Not literally, but close enough. A sudden, gut-wrenching wail—raw, throat-scraping, like a baby wolf with laryngitis trying to learn how to howl. High, desperate, piercing. The exact sound that snaps every primate’s instincts to full red alert.

Ilya’s fingers clamped down reflexively.

Shane yelped for real—his nipple felt like it had been caught in a duck-bill vise. He jerked. “Fuck, Ilya—!”

Ilya shot upright, sheet sliding off, eyes wide, chest heaving.

“That sound definitely came from inside the fucking house!”

Shane sat up slowly, one hand cupping his throbbing (probably soon-to-be-bruised) nipple. Face burning with embarrassment and guilt. Without a word he found clothes, pulled Ilya toward the guest room.

Ilya stared at the closed closet door—and the commotion behind it—like it had just personally insulted his mother.

Shane sighed, arms crossed, head tilted in resignation.

“Okay, so the story is—”

Ilya’s look was pure exasperated terror plus defeat.

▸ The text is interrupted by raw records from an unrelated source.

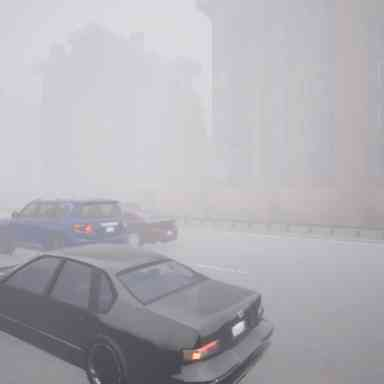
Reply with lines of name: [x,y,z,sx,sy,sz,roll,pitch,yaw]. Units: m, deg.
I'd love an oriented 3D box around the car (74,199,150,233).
car: [-4.965,1.352,20.418,4.553,1.767,2.097,0,0,35]

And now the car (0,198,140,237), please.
car: [-4.657,1.222,11.604,5.566,2.045,2.150,0,0,35]

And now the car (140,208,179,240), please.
car: [-2.882,1.477,14.637,5.008,1.535,1.882,0,0,35]

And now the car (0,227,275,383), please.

“You have five seconds, Hollander, or I burn this entire cottage down.”

Shane scratched his neck awkwardly and eased the closet door open.

There, nestled in a nest of towels and hoodie, was the chick. Tiny body trembling, huge black eyes glassy with stress. Beak open. Another weak whimper—then a hiccuping little cheep.

Ilya stared.

Then stared harder, like his brain was blue-screening.

“You… kidnapped a baby loon.”

“Rescued,” Shane said quickly. “It’s hurt. Wing’s messed up. Couldn’t just leave it.”

“You hid it. In our closet. From me.”

Shane hunched his shoulders. “You’re scared of loons.”

“I am not scared of loons!” Ilya hissed through his teeth. “I just hate them screaming like something’s getting murdered at three in the morning! Hate! And now there’s one in my bedroom screeching right before I fuck you!”

Right on cue the chick let out another long, quivering wail. Less wolf, more asthmatic heartbroken kitten.

Ilya gave Shane the world’s most I told you so look.

Shane shot him a glare, then crouched, voice softening. “Hey, little guy. He’s not gonna hurt you. You’re okay. You’re okay.” The chick quieted at Shane’s voice.

Ilya watched Shane talk like a new mom to an infant and felt something weird twist in his chest, but he still dragged both hands down his face in agony.

“We are not keeping a screaming bird.”

“It’s injured.”

“It’s loud.”

Shane looked back at him—stubborn, slightly sheepish, already dug in. “Just until the wing heals, or tomorrow I’ll find a wildlife center. I’m already looking. A few days max. I can’t let it die, Ilya.”

Ilya glared at the chick.

The chick blinked huge eyes at him. Cheep. Weak. Pitiful.

Ilya’s shoulders dropped maybe half a centimeter.

He muttered something in Russian. Definitely filthy.

Shane gave a hopeful, pleading little smile.

“Fuck your Canada…” Ilya rubbed his temples.